With its TV 4K, Apple continues to keep the Apple TV computing engine outside of the TV’s display device. As better silicon or changes in networking hardware emerge, you can upgrade your Apple TV hardware — the black puck — without throwing away your TV monitor. Roku, Amazon and Google also keep the smarts outside of the TV set. Why would Apple get into an all-in-one TV market that doesn’t exist?

The other flaw is the cable box that you rent or buy from Comcast, DirecTV, or some other content-providing philanthropist. The Apple TV set would need to connect to and read the signal that’s supplied by the box, or maybe it could simply decode the data straight from the coax cable thus, in effect absorbing the cable box. Good luck with that. Comcast, AT&T and the others would never consent to this arrangement because they would cede control to Apple.

We’d love to replace Comcast + Apple TV with an integrated device, but…no. No Apple TV set, no Apple Cable Box. Especially not with today’s bootlicking FCC.

The other Apple zombie delusion is that the Mac will finally jettison the x86 Intel line of processors; from here on out, it’s home-grown Ax CPUs. To be fair, this train of thought started when Phil Schiller, Senior VP of Apple Marketing, used the phrase “desktop-class performance” when referring to A9 and A9X processors. And now the latest iteration, the A11 “Bionic” (I can’t wait for next year’s markitecture invention), is reported to have outperformed MacBook Pro processors, although if you look closely, the use cases aren’t comparable.

Out with x86? No.

Let’s compare numbers, Macs vs iDevices. Based on Apple’s latest quarterly report, we can make a rough estimate for next year’s unit volumes (Calendar or Fiscal, it doesn’t matter for our purposes). In 2018, Apple will sell more than 250M iDevices versus approximately 25M Macs. That 10x factor tells us where the company will put its attention. Leave the x86 Macs alone, full-speed ahead with new Ax silicon for iPhones, iPads, Apple Watches, maybe even other wearables…

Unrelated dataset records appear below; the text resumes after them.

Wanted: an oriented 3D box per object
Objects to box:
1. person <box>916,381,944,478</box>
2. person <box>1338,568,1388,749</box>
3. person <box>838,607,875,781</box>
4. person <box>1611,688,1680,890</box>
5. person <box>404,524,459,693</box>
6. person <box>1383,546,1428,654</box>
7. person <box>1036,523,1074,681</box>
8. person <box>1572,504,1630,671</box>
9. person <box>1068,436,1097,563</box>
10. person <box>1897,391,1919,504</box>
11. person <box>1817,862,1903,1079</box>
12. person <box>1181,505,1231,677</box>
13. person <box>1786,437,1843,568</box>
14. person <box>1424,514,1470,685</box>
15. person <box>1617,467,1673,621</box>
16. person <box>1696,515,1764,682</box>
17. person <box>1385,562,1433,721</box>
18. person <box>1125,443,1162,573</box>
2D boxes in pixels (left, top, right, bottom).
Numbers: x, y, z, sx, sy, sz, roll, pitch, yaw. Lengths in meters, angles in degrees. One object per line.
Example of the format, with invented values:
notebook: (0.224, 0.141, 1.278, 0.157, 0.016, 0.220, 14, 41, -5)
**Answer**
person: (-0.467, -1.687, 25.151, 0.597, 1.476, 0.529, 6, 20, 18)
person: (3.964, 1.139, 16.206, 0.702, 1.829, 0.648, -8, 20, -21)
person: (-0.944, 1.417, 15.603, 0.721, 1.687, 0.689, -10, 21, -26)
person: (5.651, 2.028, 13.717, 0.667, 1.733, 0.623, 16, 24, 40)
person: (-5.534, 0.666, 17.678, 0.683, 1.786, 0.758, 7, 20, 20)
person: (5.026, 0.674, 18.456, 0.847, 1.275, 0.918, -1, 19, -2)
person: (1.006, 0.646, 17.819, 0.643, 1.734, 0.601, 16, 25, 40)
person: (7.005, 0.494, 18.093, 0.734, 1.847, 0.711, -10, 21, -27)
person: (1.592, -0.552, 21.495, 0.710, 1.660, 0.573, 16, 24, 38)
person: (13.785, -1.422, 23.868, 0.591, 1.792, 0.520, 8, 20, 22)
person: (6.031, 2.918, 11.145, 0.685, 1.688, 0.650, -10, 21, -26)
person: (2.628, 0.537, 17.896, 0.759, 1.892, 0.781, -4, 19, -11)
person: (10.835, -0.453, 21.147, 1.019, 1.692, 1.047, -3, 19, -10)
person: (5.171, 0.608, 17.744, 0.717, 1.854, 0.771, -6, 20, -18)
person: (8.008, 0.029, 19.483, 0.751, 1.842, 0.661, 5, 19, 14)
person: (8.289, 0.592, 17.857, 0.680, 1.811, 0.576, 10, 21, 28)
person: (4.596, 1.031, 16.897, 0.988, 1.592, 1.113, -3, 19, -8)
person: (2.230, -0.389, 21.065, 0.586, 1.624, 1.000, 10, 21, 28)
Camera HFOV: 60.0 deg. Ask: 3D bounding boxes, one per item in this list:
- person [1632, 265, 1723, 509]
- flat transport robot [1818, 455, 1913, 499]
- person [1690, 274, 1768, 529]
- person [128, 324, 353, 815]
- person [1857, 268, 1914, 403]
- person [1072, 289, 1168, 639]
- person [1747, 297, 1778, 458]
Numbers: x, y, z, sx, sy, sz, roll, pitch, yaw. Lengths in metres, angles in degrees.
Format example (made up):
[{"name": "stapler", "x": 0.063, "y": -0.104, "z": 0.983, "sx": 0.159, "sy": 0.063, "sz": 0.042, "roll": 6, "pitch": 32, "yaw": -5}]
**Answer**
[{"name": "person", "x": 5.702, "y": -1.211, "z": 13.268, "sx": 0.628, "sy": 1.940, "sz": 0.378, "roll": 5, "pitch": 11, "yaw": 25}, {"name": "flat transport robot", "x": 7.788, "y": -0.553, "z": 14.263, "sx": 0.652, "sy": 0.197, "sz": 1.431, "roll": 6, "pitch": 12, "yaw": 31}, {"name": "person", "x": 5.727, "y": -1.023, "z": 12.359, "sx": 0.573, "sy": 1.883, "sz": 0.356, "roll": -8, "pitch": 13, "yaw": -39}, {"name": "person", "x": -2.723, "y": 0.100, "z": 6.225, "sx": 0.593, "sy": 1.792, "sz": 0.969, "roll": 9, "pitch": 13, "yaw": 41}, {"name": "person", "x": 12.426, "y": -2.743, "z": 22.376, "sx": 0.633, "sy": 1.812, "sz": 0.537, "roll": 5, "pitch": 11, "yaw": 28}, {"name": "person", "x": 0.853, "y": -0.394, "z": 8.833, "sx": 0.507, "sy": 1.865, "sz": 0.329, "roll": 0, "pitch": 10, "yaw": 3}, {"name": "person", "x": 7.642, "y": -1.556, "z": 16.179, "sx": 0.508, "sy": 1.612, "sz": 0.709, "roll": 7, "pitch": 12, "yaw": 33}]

But the biggest obstacle, here, isn’t silicon: It’s software. Yes, Apple controls its compilers and low-level virtual machines. It could try to make the switch from x86 to Ax as seamless as possible, but Mac app developers don’t have Apple’s financial and engineering resources. As the Mac App Store stands — even in today’s better curated implementation — they have enough trouble making money. A massive conversion to Ax processors would be too much trouble.

And that’s not the end of the story. It’s rumored that Apple intends to release muscular Mac “trucks”, i.e. iMac Pros and, in 2018, a more modular Mac Pro targeted at high-end app and media developers. These products require no-holds-barred power dissipation budgets, which leads one to wonder: Since Ax designs are targeted at low power, small device heat dissipation, would they stand up to the needs of a high-end Mac?

My thought: Apple will continue to develop Ax processors and software that’s aimed at fulfilling Tim Cook’s vision of iPads as the future of personal computing. Ax for very personal devices; x86 (at least for now) for Macs and OS X app developers.

The Apple zombie delusions never die. And new ones are sure to emerge as Apple’s product line becomes richer and stokes beguiling but unrealistic speculation.